• [Exercise instructions]: Scanning the entries below, copy every line that contains the word "object".

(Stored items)
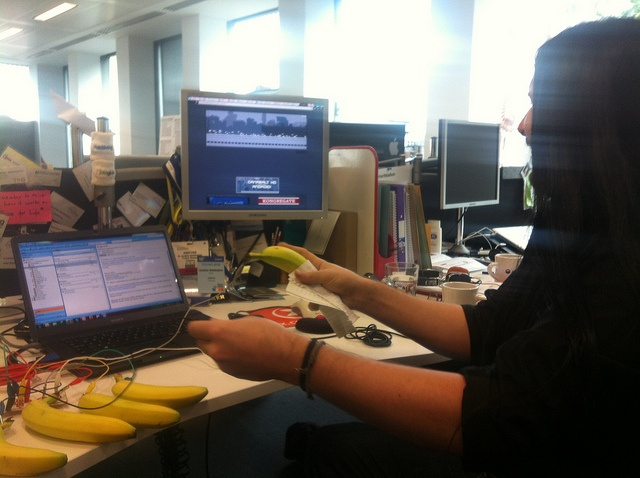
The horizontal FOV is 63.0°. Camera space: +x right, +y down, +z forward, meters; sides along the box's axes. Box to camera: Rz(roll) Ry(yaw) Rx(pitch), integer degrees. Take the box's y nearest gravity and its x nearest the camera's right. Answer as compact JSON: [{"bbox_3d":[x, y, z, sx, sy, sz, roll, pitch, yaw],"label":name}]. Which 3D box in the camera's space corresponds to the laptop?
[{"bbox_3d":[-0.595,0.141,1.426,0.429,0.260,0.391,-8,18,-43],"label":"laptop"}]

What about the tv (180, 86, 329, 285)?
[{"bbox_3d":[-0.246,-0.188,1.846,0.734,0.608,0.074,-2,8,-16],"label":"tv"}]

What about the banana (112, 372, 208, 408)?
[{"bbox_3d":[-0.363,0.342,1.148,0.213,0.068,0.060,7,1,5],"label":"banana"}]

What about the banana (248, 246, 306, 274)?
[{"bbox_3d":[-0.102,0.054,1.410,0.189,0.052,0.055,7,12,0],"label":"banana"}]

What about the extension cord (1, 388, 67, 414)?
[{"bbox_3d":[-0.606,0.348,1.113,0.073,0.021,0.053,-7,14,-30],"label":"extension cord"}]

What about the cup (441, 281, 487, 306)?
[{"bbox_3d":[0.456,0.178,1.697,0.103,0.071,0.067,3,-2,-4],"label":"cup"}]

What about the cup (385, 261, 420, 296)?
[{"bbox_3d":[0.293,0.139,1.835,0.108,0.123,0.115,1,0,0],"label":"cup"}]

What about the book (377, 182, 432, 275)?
* * *
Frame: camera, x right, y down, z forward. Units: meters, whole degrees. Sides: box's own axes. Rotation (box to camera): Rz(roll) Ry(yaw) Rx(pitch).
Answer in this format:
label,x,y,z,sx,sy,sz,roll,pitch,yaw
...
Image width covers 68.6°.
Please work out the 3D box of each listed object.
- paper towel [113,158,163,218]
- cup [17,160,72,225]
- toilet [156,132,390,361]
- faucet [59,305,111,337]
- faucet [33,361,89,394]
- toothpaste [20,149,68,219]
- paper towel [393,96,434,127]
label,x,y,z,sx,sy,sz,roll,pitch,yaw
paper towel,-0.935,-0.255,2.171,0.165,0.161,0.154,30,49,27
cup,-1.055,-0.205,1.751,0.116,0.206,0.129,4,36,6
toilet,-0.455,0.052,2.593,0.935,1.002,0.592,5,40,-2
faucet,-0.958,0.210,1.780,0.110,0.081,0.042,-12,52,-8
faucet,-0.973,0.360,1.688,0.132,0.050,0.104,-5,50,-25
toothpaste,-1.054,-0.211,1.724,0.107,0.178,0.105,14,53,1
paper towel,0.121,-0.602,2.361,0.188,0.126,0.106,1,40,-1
* * *
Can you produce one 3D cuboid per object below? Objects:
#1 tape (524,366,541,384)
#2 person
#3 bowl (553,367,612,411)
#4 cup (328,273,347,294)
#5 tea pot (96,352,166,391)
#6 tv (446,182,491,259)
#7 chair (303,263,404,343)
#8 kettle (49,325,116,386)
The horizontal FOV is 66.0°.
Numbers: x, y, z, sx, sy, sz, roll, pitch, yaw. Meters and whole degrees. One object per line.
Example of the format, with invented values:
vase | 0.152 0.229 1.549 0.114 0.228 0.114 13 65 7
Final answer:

• [Exercise response]:
Please work out the 3D box of each listed object.
Can you produce one 3D cuboid per object below? Objects:
Numbers: x, y, z, sx, sy, sz, roll, pitch, yaw. Meters and whole degrees. One object per line.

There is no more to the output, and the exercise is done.